According to evidence presented at trial, between July 19, 2014, and March 26, 2015, Keith Foster conspired with his nephew Iran Dennis "Denny" Foster, 46, of Fresno, to obtain marijuana from Ricky Reynolds, 50, of Shasta Lake. Denny Foster regularly traveled to Reynolds' residence to purchase marijuana. On one of these trips, Denny Foster was stopped by the California Highway Patrol in Merced County and arrested for possessing six pounds of marijuana in the trunk of his car. When he was arrested, his passenger called Keith Foster and Foster said that he "could have provided cover" for Denny Foster if he had known about the trip ahead of time.
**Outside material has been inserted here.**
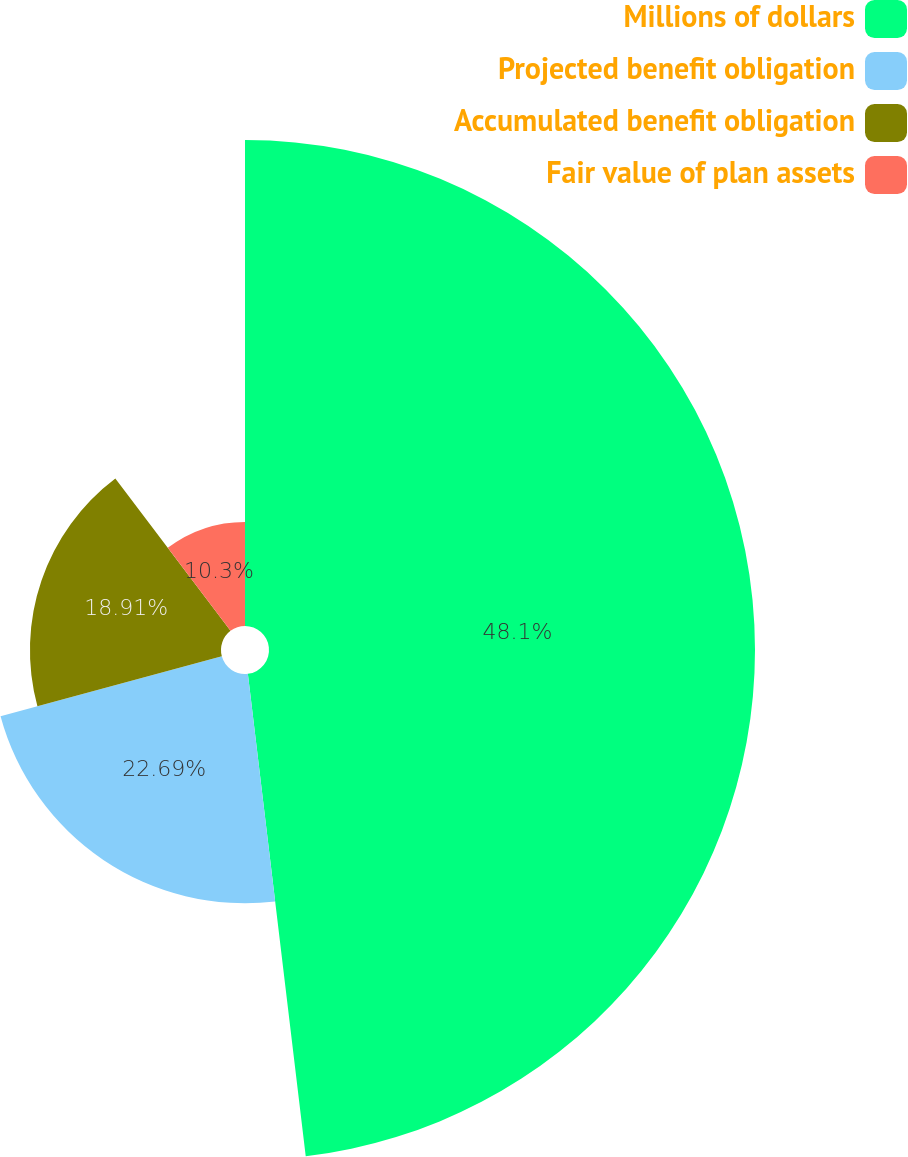Convert chart to OTSL. <chart><loc_0><loc_0><loc_500><loc_500><pie_chart><fcel>Millions of dollars<fcel>Projected benefit obligation<fcel>Accumulated benefit obligation<fcel>Fair value of plan assets<nl><fcel>48.1%<fcel>22.69%<fcel>18.91%<fcel>10.3%<nl></chart>

He also said he would call his "narc guys."

Also according to evidence presented at trial, between December 23, 2014, and February 2, 2015, Foster conspired with co-defendant Rafael Guzman, 43, of Fresno, to obtain heroin for another person.

This case was the product of an investigation by the Bureau of Alcohol, Tobacco, Firearms and Explosives and the Federal Bureau of Investigation. Assistant United States Attorneys Melanie L. Alsworth and Dawrence W. Rice Jr. are prosecuting the case.

Six others pleaded guilty before trial to various offenses related to the drug trafficking conspiracy. On July 10, 2017, Randy Flowers, 51, was sentenced to two years and nine months in prison, on August 14, 2017, Denny Foster, 46, was sentenced to a year and a half in prison. On October 11, 2016, Rafael Guzman, 43, of Fresno was sentenced to three years and four months in prison. Jennifer Donabedian, 37, of Fresno, pleaded guilty to concealing a felony and served 12 months' probation. Sarah Ybarra, 39, of Fresno, pleaded guilty to conspiracy to distribute marijuana and served one year in prison.